### Problem details:
Except for the pictures, output the records in full and exactly.

Extracted records:
* * *

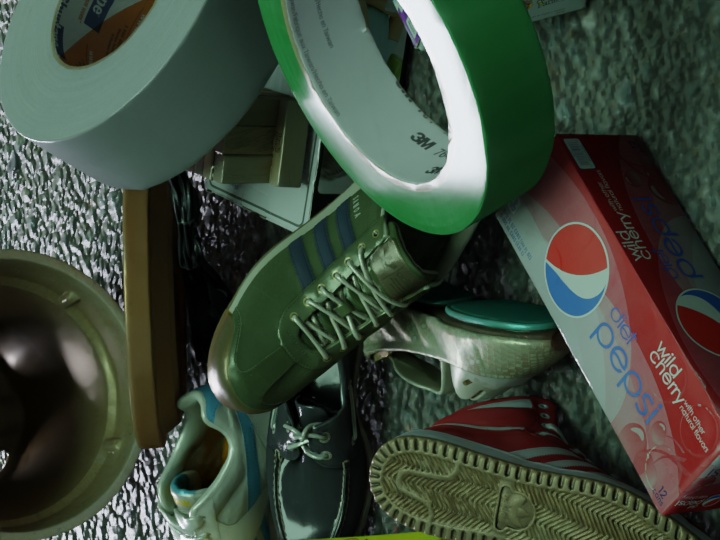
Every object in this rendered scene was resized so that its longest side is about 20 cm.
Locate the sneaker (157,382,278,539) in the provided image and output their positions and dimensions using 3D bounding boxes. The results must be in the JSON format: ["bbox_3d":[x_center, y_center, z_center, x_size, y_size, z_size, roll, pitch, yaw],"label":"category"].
[{"bbox_3d":[-0.092,0.163,1.529,0.076,0.080,0.201,21,109,48],"label":"sneaker"}]

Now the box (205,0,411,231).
[{"bbox_3d":[-0.028,-0.130,1.453,0.116,0.060,0.201,24,109,50],"label":"box"}]

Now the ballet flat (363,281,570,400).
[{"bbox_3d":[0.061,0.043,1.346,0.200,0.067,0.063,17,111,61],"label":"ballet flat"}]

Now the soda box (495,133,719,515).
[{"bbox_3d":[0.149,0.025,1.226,0.070,0.063,0.201,-54,51,38],"label":"soda box"}]

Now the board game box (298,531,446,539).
[{"bbox_3d":[0.000,0.210,1.400,0.200,0.048,0.102,-12,115,52],"label":"board game box"}]

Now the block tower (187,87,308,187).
[{"bbox_3d":[-0.110,-0.097,1.467,0.200,0.058,0.054,21,108,51],"label":"block tower"}]

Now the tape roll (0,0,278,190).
[{"bbox_3d":[-0.125,-0.150,1.409,0.200,0.066,0.201,-29,45,33],"label":"tape roll"}]

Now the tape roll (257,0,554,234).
[{"bbox_3d":[0.020,-0.117,1.236,0.200,0.048,0.201,44,152,31],"label":"tape roll"}]

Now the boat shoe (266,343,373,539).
[{"bbox_3d":[-0.034,0.087,1.448,0.072,0.063,0.201,5,93,24],"label":"boat shoe"}]

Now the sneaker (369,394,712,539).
[{"bbox_3d":[0.115,0.124,1.283,0.199,0.112,0.072,21,107,19],"label":"sneaker"}]

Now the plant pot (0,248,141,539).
[{"bbox_3d":[-0.275,0.098,1.695,0.183,0.199,0.202,-20,75,63],"label":"plant pot"}]

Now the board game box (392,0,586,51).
[{"bbox_3d":[0.069,-0.224,1.230,0.200,0.104,0.103,102,148,-57],"label":"board game box"}]

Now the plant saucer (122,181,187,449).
[{"bbox_3d":[-0.132,0.015,1.544,0.200,0.032,0.202,178,90,-88],"label":"plant saucer"}]

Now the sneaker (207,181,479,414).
[{"bbox_3d":[0.000,0.000,1.326,0.067,0.200,0.090,49,160,-20],"label":"sneaker"}]

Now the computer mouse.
[{"bbox_3d":[-0.097,-0.001,1.504,0.200,0.034,0.059,87,175,-61],"label":"computer mouse"}]
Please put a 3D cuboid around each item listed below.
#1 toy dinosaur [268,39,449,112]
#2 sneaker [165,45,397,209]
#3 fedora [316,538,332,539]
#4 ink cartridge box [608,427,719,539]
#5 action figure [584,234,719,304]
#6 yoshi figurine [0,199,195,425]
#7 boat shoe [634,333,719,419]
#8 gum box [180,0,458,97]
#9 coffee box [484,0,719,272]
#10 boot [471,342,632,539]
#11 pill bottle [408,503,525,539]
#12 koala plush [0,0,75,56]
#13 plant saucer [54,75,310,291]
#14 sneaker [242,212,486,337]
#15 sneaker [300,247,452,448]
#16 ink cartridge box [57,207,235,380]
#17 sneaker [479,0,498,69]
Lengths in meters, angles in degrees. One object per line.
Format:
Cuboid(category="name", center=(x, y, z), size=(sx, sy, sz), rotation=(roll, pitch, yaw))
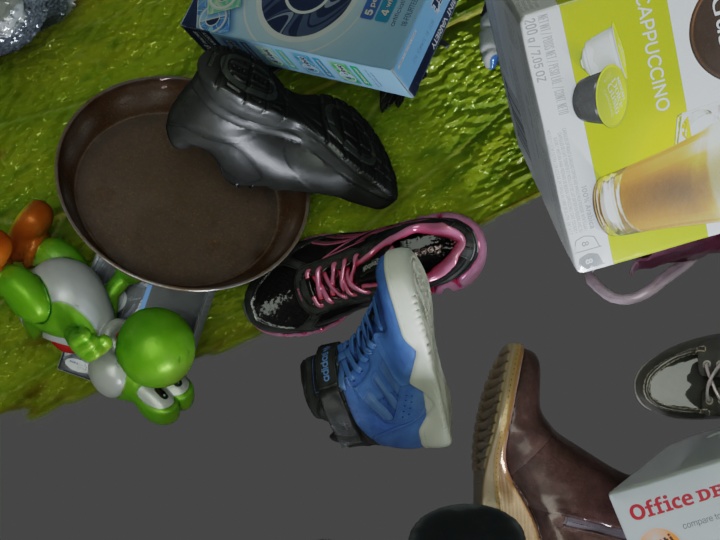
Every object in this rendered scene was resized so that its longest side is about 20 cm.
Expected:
Cuboid(category="toy dinosaur", center=(-0.006, -0.208, 1.326), size=(0.200, 0.102, 0.136), rotation=(-46, 69, 23))
Cuboid(category="sneaker", center=(-0.060, -0.096, 1.301), size=(0.200, 0.076, 0.091), rotation=(29, 125, -26))
Cuboid(category="fedora", center=(-0.041, 0.272, 1.288), size=(0.177, 0.090, 0.200), rotation=(21, 130, 10))
Cuboid(category="ink cartridge box", center=(0.304, 0.213, 1.241), size=(0.145, 0.145, 0.200), rotation=(-25, 86, 37))
Cuboid(category="action figure", center=(0.290, -0.036, 1.293), size=(0.200, 0.134, 0.149), rotation=(-4, 124, -20))
Cuboid(category="yoshi figurine", center=(-0.198, 0.029, 1.287), size=(0.200, 0.112, 0.112), rotation=(42, 86, 1))
Cuboid(category="boat shoe", center=(0.315, 0.080, 1.311), size=(0.200, 0.057, 0.067), rotation=(-4, 88, 4))
Cuboid(category="gum box", center=(-0.016, -0.231, 1.278), size=(0.200, 0.045, 0.170), rotation=(17, 75, 33))
Cuboid(category="coffee box", center=(0.205, -0.153, 1.183), size=(0.198, 0.200, 0.200), rotation=(-16, 120, 1))
Cuboid(category="boot", center=(0.173, 0.162, 1.326), size=(0.166, 0.072, 0.200), rotation=(6, 88, -8))
Cuboid(category="pill bottle", center=(0.082, 0.279, 1.255), size=(0.112, 0.112, 0.200), rotation=(-1, 118, 4))
Cuboid(category="koala plush", center=(-0.333, -0.217, 1.314), size=(0.200, 0.177, 0.184), rotation=(8, 101, 3))
Cuboid(category="plant saucer", center=(-0.140, -0.062, 1.314), size=(0.200, 0.034, 0.200), rotation=(9, 56, -13))
Cuboid(category="sneaker", center=(0.000, 0.000, 1.316), size=(0.200, 0.095, 0.079), rotation=(-19, 89, 5))
Cuboid(category="sneaker", center=(0.004, 0.067, 1.281), size=(0.111, 0.200, 0.077), rotation=(-6, 48, 7))
Cuboid(category="ink cartridge box", center=(-0.164, 0.001, 1.354), size=(0.099, 0.039, 0.200), rotation=(18, 89, 5))
Cuboid(category="sneaker", center=(0.192, -0.184, 1.323), size=(0.200, 0.081, 0.147), rotation=(19, 103, -4))

* * *

### Solution for this problem:
Every object in this rendered scene was resized so that its longest side is about 20 cm.
Locate the sneaker (157,382,278,539) in the provided image and output their positions and dimensions using 3D bounding boxes. The results must be in the JSON format: ["bbox_3d":[x_center, y_center, z_center, x_size, y_size, z_size, roll, pitch, yaw],"label":"category"].
[{"bbox_3d":[-0.092,0.163,1.529,0.076,0.080,0.201,21,109,48],"label":"sneaker"}]

Now the box (205,0,411,231).
[{"bbox_3d":[-0.028,-0.130,1.453,0.116,0.060,0.201,24,109,50],"label":"box"}]

Now the ballet flat (363,281,570,400).
[{"bbox_3d":[0.061,0.043,1.346,0.200,0.067,0.063,17,111,61],"label":"ballet flat"}]

Now the soda box (495,133,719,515).
[{"bbox_3d":[0.149,0.025,1.226,0.070,0.063,0.201,-54,51,38],"label":"soda box"}]

Now the board game box (298,531,446,539).
[{"bbox_3d":[0.000,0.210,1.400,0.200,0.048,0.102,-12,115,52],"label":"board game box"}]

Now the block tower (187,87,308,187).
[{"bbox_3d":[-0.110,-0.097,1.467,0.200,0.058,0.054,21,108,51],"label":"block tower"}]

Now the tape roll (0,0,278,190).
[{"bbox_3d":[-0.125,-0.150,1.409,0.200,0.066,0.201,-29,45,33],"label":"tape roll"}]

Now the tape roll (257,0,554,234).
[{"bbox_3d":[0.020,-0.117,1.236,0.200,0.048,0.201,44,152,31],"label":"tape roll"}]

Now the boat shoe (266,343,373,539).
[{"bbox_3d":[-0.034,0.087,1.448,0.072,0.063,0.201,5,93,24],"label":"boat shoe"}]

Now the sneaker (369,394,712,539).
[{"bbox_3d":[0.115,0.124,1.283,0.199,0.112,0.072,21,107,19],"label":"sneaker"}]

Now the plant pot (0,248,141,539).
[{"bbox_3d":[-0.275,0.098,1.695,0.183,0.199,0.202,-20,75,63],"label":"plant pot"}]

Now the board game box (392,0,586,51).
[{"bbox_3d":[0.069,-0.224,1.230,0.200,0.104,0.103,102,148,-57],"label":"board game box"}]

Now the plant saucer (122,181,187,449).
[{"bbox_3d":[-0.132,0.015,1.544,0.200,0.032,0.202,178,90,-88],"label":"plant saucer"}]

Now the sneaker (207,181,479,414).
[{"bbox_3d":[0.000,0.000,1.326,0.067,0.200,0.090,49,160,-20],"label":"sneaker"}]

Now the computer mouse.
[{"bbox_3d":[-0.097,-0.001,1.504,0.200,0.034,0.059,87,175,-61],"label":"computer mouse"}]
Please put a 3D cuboid around each item listed below.
#1 toy dinosaur [268,39,449,112]
#2 sneaker [165,45,397,209]
#3 fedora [316,538,332,539]
#4 ink cartridge box [608,427,719,539]
#5 action figure [584,234,719,304]
#6 yoshi figurine [0,199,195,425]
#7 boat shoe [634,333,719,419]
#8 gum box [180,0,458,97]
#9 coffee box [484,0,719,272]
#10 boot [471,342,632,539]
#11 pill bottle [408,503,525,539]
#12 koala plush [0,0,75,56]
#13 plant saucer [54,75,310,291]
#14 sneaker [242,212,486,337]
#15 sneaker [300,247,452,448]
#16 ink cartridge box [57,207,235,380]
#17 sneaker [479,0,498,69]
Lengths in meters, angles in degrees. One object per line.
Format:
Cuboid(category="name", center=(x, y, z), size=(sx, sy, sz), rotation=(roll, pitch, yaw))
Every object in this rendered scene was resized so that its longest side is about 20 cm.
Expected:
Cuboid(category="toy dinosaur", center=(-0.006, -0.208, 1.326), size=(0.200, 0.102, 0.136), rotation=(-46, 69, 23))
Cuboid(category="sneaker", center=(-0.060, -0.096, 1.301), size=(0.200, 0.076, 0.091), rotation=(29, 125, -26))
Cuboid(category="fedora", center=(-0.041, 0.272, 1.288), size=(0.177, 0.090, 0.200), rotation=(21, 130, 10))
Cuboid(category="ink cartridge box", center=(0.304, 0.213, 1.241), size=(0.145, 0.145, 0.200), rotation=(-25, 86, 37))
Cuboid(category="action figure", center=(0.290, -0.036, 1.293), size=(0.200, 0.134, 0.149), rotation=(-4, 124, -20))
Cuboid(category="yoshi figurine", center=(-0.198, 0.029, 1.287), size=(0.200, 0.112, 0.112), rotation=(42, 86, 1))
Cuboid(category="boat shoe", center=(0.315, 0.080, 1.311), size=(0.200, 0.057, 0.067), rotation=(-4, 88, 4))
Cuboid(category="gum box", center=(-0.016, -0.231, 1.278), size=(0.200, 0.045, 0.170), rotation=(17, 75, 33))
Cuboid(category="coffee box", center=(0.205, -0.153, 1.183), size=(0.198, 0.200, 0.200), rotation=(-16, 120, 1))
Cuboid(category="boot", center=(0.173, 0.162, 1.326), size=(0.166, 0.072, 0.200), rotation=(6, 88, -8))
Cuboid(category="pill bottle", center=(0.082, 0.279, 1.255), size=(0.112, 0.112, 0.200), rotation=(-1, 118, 4))
Cuboid(category="koala plush", center=(-0.333, -0.217, 1.314), size=(0.200, 0.177, 0.184), rotation=(8, 101, 3))
Cuboid(category="plant saucer", center=(-0.140, -0.062, 1.314), size=(0.200, 0.034, 0.200), rotation=(9, 56, -13))
Cuboid(category="sneaker", center=(0.000, 0.000, 1.316), size=(0.200, 0.095, 0.079), rotation=(-19, 89, 5))
Cuboid(category="sneaker", center=(0.004, 0.067, 1.281), size=(0.111, 0.200, 0.077), rotation=(-6, 48, 7))
Cuboid(category="ink cartridge box", center=(-0.164, 0.001, 1.354), size=(0.099, 0.039, 0.200), rotation=(18, 89, 5))
Cuboid(category="sneaker", center=(0.192, -0.184, 1.323), size=(0.200, 0.081, 0.147), rotation=(19, 103, -4))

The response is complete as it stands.